A cousin of Occam's Razor, Hanlon's Razor advises: "Never attribute to malice that which is adequately explained by negligence (or incompetence)." It's a reminder that most negative outcomes aren't the result of sabotage, but of simple human error, miscommunication, or lack of information.

This model is critical for maintaining a healthy team culture. When an employee makes a mistake or a partner misses a deadline, assuming incompetence or misunderstanding instead of malicious intent leads to more constructive, less accusatory conversations. It fosters a culture of psychological safety where people can own their mistakes.

  • Example: A developer pushes a bug to production. Instead of assuming they are lazy or don't care, assume they were tired, misunderstood the requirements, or the testing process failed them. This leads to a productive post-mortem, not a blame game.

10. Circle of Competence

Coined by Warren Buffett, the Circle of Competence is about knowing what you know and, just as importantly, knowing what you don't know. The first principle here is intellectual honesty. Making high-stakes decisions is less about being the smartest person in the room and more about understanding the boundaries of your own expertise.

For founders, this means being brutally honest about your team's strengths and weaknesses. It guides decisions on who to hire, which advice to take, and which markets to enter. Operating outside your circle of competence without bringing in the right expertise is a recipe for disaster.

  • Tip: Draw a literal circle on a whiteboard. Inside, write down the skills and domains your founding team truly masters. Outside, list the areas where you are weak. This map will be your guide for hiring and seeking advisors.

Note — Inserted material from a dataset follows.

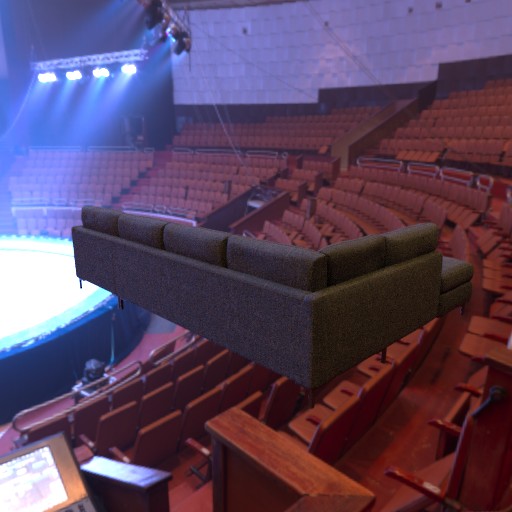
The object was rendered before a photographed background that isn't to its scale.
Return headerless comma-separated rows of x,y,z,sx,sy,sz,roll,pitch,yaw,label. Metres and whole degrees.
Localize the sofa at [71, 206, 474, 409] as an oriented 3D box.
0.000,0.000,3.580,1.879,0.753,2.737,-13,19,-43,sofa

11. Constraint Analysis (Theory of Constraints)

Every system has a single bottleneck that limits its output. Constraint Analysis is the process of identifying and relentlessly focusing on improving that one bottleneck. Improving anything else is a waste of time, as the system's performance is ultimately capped by its weakest link.

For a startup, the constraint could be anything: lead generation, developer availability, customer support capacity, or even the founder's own time. The key is to identify the one thing that, if improved, would have the biggest impact on your primary goal.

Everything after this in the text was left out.